Findings of these studies also showed that, unlike zoledronic acid, denosumab was not associated with renal toxicity and acute-phase reactions, and did not require dose adjustment in patients with renal impairment.^8-11

The studies were not designed to assess patient preference for either therapy, or any potential difference in ease of administration. However, Lipton cited a benefit of both modes of administration over oral bisphosphonate therapy.

“Neither is oral; Zometa is IV and Xgeva is subcutaneous, so compliance is less of a problem than with the oral bisphosphonates. When [patients] come for their chemotherapy, or to see their doctor, once a month, they come in and get a shot,” Lipton said.
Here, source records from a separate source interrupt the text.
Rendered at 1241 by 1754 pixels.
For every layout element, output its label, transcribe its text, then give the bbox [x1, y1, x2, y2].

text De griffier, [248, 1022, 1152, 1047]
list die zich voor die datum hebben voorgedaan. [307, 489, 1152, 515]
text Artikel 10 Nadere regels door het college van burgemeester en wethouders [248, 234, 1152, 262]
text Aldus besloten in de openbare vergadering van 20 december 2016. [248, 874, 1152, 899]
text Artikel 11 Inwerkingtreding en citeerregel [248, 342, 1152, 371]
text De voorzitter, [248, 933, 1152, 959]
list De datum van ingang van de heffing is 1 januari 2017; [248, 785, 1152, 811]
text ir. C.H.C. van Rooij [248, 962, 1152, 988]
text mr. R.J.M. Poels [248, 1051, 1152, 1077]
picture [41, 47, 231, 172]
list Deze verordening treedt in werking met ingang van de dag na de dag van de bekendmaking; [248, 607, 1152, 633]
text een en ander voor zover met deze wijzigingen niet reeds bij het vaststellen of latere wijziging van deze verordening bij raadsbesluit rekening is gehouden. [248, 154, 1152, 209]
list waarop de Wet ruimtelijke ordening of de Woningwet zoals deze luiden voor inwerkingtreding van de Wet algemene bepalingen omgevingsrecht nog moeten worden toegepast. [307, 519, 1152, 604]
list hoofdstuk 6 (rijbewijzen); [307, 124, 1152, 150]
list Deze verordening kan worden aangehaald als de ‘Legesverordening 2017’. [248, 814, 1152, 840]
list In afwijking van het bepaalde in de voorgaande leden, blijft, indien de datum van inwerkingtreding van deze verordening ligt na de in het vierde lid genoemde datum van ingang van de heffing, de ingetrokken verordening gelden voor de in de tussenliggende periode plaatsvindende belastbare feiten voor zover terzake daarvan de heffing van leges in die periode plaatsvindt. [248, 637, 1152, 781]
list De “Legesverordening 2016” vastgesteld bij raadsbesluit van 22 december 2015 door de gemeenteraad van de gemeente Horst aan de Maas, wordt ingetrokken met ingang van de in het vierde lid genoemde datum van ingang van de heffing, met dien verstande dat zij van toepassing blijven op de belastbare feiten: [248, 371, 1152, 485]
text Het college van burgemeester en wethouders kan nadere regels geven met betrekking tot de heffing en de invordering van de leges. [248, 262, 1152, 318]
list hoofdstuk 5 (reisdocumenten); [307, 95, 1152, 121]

Lipton also stressed the importance of proper calcium and vitamin D supplementation, and that while severe events such as ONJ do occur in patients receiving monthly therapy with bone-targeted agents they are comparatively rare.

Clinical Pearls

• Patients with advanced cancer and bone metastases are at risk for skeletal-related events (SREs) such as pathologic fracture and spinal cord compression.
• Intravenous or subcutaneous administration of bone-targeted therapies may facilitate compliance and adherence with therapy for bone metastases.
• Current treatments to prevent SREs in patients with bone metastases include zoledronic acid, a bisphosphonate, and denosumab, an inhibitor of RANKL.
• Unlike zoledronic acid, denosumab does not require IV administration or monitoring of renal function and is not associated with acute-phase reactions.

“ONJ has been reported in patients receiving monthly bone-targeted agents, but the true incidence of ONJ is about 0.5% to 1.0% per year—not nearly as high as that reported in retrospective studies. [ONJ] is numerically higher, but not statistically higher, with Xgeva, and it’s important that people have their bone and their teeth checked beforehand and avoid dental surgery because the incidence of ONJ goes up with invasive dental surgery [when] they are on the bone-targeted agent,” Lipton explained.
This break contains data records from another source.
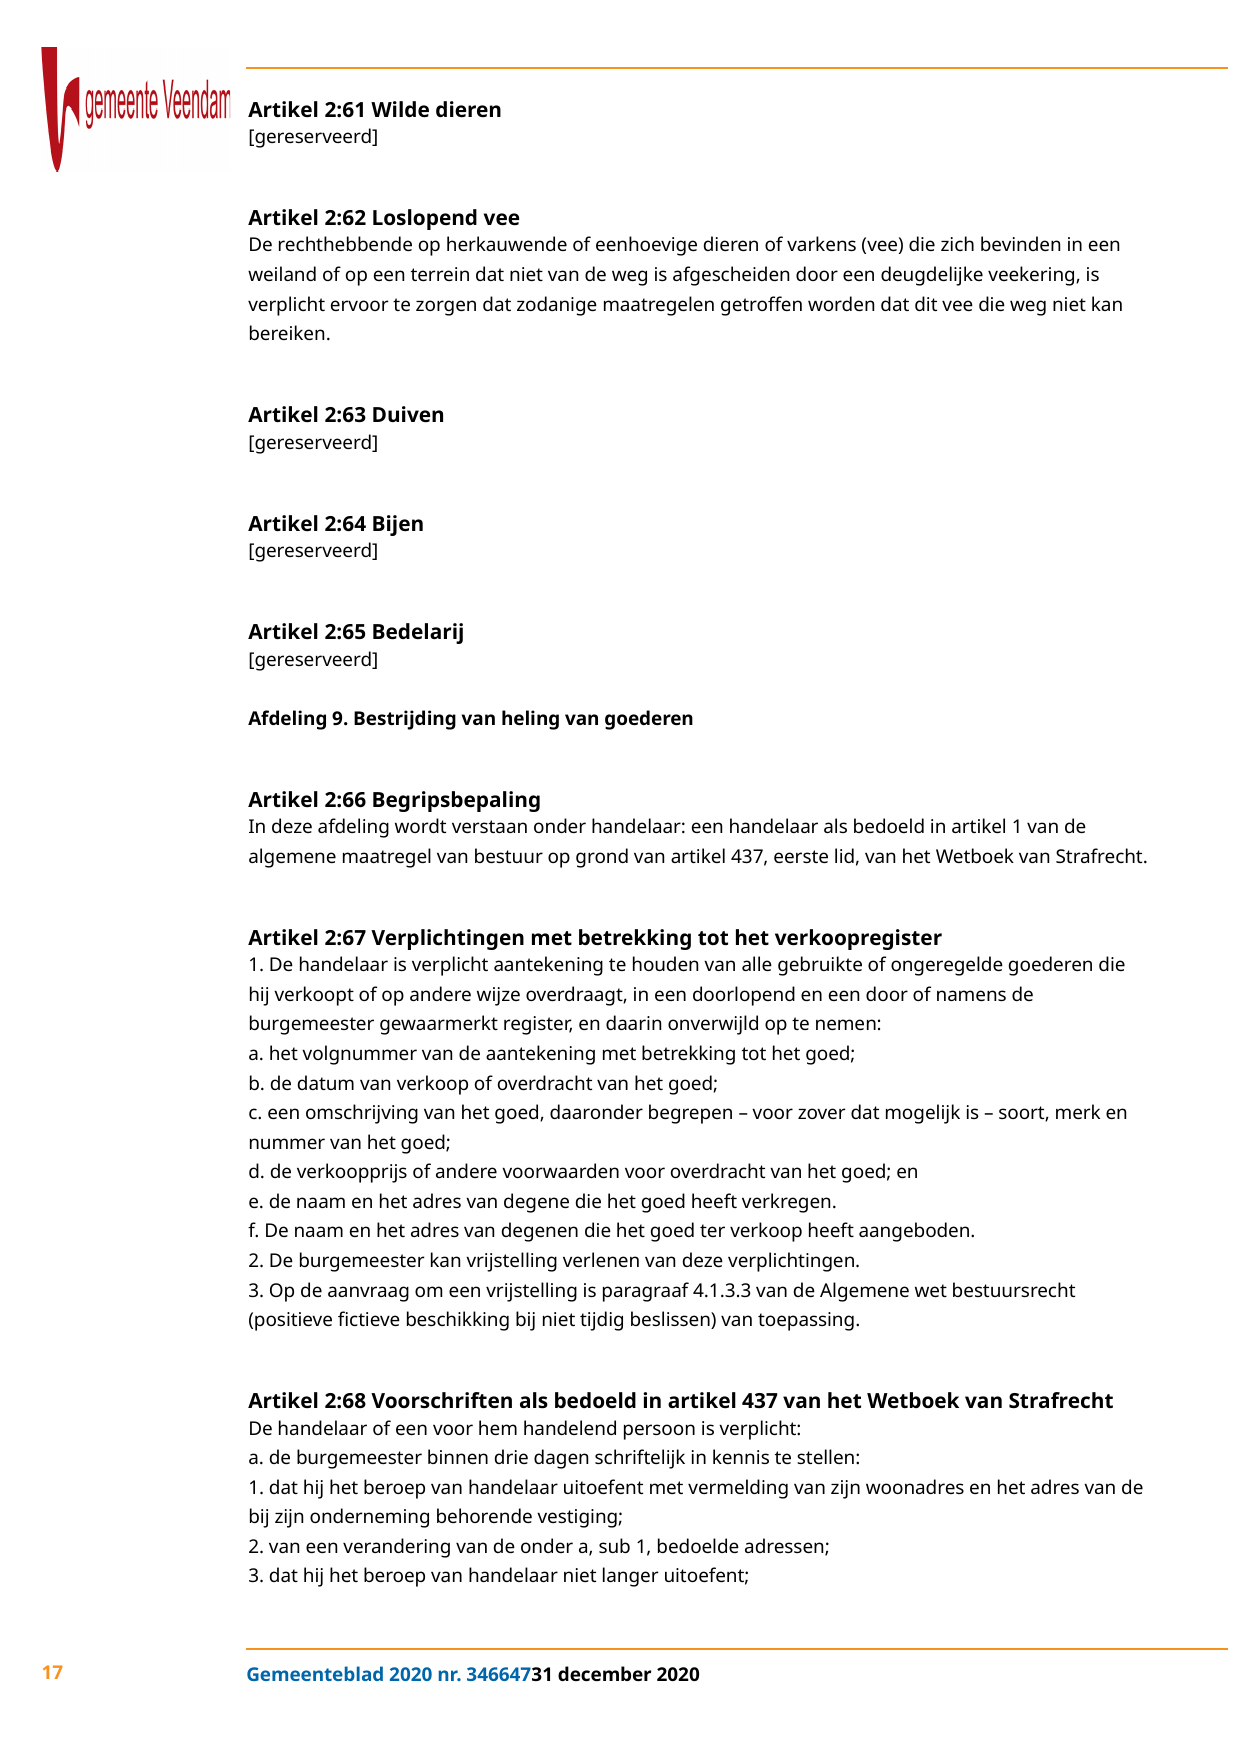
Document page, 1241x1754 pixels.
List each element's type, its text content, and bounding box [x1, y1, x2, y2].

text 3. Op de aanvraag om een vrijstelling is paragraaf 4.1.3.3 van de Algemene wet bestuursrecht (positieve fictieve beschikking bij niet tijdig beslissen) van toepassing. [248, 1277, 1152, 1332]
text [gereserveerd] [248, 646, 1152, 671]
text Artikel 2:64 Bijen [248, 509, 1152, 537]
text De handelaar of een voor hem handelend persoon is verplicht: [248, 1415, 1152, 1441]
text a. het volgnummer van de aantekening met betrekking tot het goed; [248, 1040, 1152, 1066]
text [gereserveerd] [248, 537, 1152, 563]
text Artikel 2:67 Verplichtingen met betrekking tot het verkoopregister [248, 923, 1152, 951]
text 2. De burgemeester kan vrijstelling verlenen van deze verplichtingen. [248, 1247, 1152, 1273]
text e. de naam en het adres van degene die het goed heeft verkregen. [248, 1188, 1152, 1214]
text 2. van een verandering van de onder a, sub 1, bedoelde adressen; [248, 1533, 1152, 1559]
text Artikel 2:61 Wilde dieren [248, 95, 1152, 123]
text Artikel 2:68 Voorschriften als bedoeld in artikel 437 van het Wetboek van Strafrecht [248, 1386, 1152, 1415]
text b. de datum van verkoop of overdracht van het goed; [248, 1070, 1152, 1095]
text [gereserveerd] [248, 123, 1152, 149]
text In deze afdeling wordt verstaan onder handelaar: een handelaar als bedoeld in artikel 1 van de algemene maatregel van bestuur op grond van artikel 437, eerste lid, van het Wetboek van Strafrecht. [248, 813, 1152, 869]
text 1. dat hij het beroep van handelaar uitoefent met vermelding van zijn woonadres en het adres van de bij zijn onderneming behorende vestiging; [248, 1474, 1152, 1529]
text Artikel 2:66 Begripsbepaling [248, 785, 1152, 813]
text f. De naam en het adres van degenen die het goed ter verkoop heeft aangeboden. [248, 1218, 1152, 1243]
text 1. De handelaar is verplicht aantekening te houden van alle gebruikte of ongeregelde goederen die hij verkoopt of op andere wijze overdraagt, in een doorlopend en een door of namens de burgemeester gewaarmerkt register, en daarin onverwijld op te nemen: [248, 951, 1152, 1036]
text 3. dat hij het beroep van handelaar niet langer uitoefent; [248, 1563, 1152, 1588]
text Artikel 2:65 Bedelarij [248, 617, 1152, 646]
text d. de verkoopprijs of andere voorwaarden voor overdracht van het goed; en [248, 1158, 1152, 1184]
text De rechthebbende op herkauwende of eenhoevige dieren of varkens (vee) die zich bevinden in een weiland of op een terrein dat niet van de weg is afgescheiden door een deugdelijke veekering, is verplicht ervoor te zorgen dat zodanige maatregelen getroffen worden dat dit vee die weg niet kan bereiken. [248, 232, 1152, 346]
picture [41, 47, 231, 172]
text Artikel 2:63 Duiven [248, 400, 1152, 429]
text a. de burgemeester binnen drie dagen schriftelijk in kennis te stellen: [248, 1444, 1152, 1470]
text c. een omschrijving van het goed, daaronder begrepen – voor zover dat mogelijk is – soort, merk en nummer van het goed; [248, 1099, 1152, 1154]
text [gereserveerd] [248, 429, 1152, 454]
text Artikel 2:62 Loslopend vee [248, 203, 1152, 232]
text Afdeling 9. Bestrijding van heling van goederen [248, 705, 1152, 731]

Given the proven benefit of denosumab and other bone-targeted agents in preventing SREs, further study will be needed to define the optimal doses, duration of therapy, combination(s), and/or sequence of therapies to further enhance and facilitate treatment of bone metastases in patients with prostate, breast, and other advanced cancers.¹

References

1. McKay RR, Taplin ME, Choueiri TK. Optimizing bone health and minimizing skeletal morbidity in men with prostate cancer.Hematol Oncol Clin North Am. 2013;27(6):1261-1283
2. Aapro M, Abrahamsson PA, Body JJ, et al. Guidance on the use of bisphosphonates in solid tumours: recommendations of an international expert panel.Ann Oncol. 2008;19(3):420-432.
3. Aapro M, Saad F, Costa L. Optimizing clinical benefits of bisphosphonates in cancer patients with bone metastases.Oncologist. 2010;15(11):1147-1158.
4. Gralow JR, Biermann JS, Farooki A, et al. NCCN Task Force Report: Bone Health in Cancer Care.J Natl Compr Canc Netw. 2009;7(suppl 3):S1-S32; quiz S33-S35.
5. Coleman RE. Risks and benefits of bisphosphonates.Br J Cancer. 2008;98(11):1736-1740.
6. Zometa [package insert]. East Hanover, NJ:. Novartis Pharmaceuticals Corporation; Revised April 2014.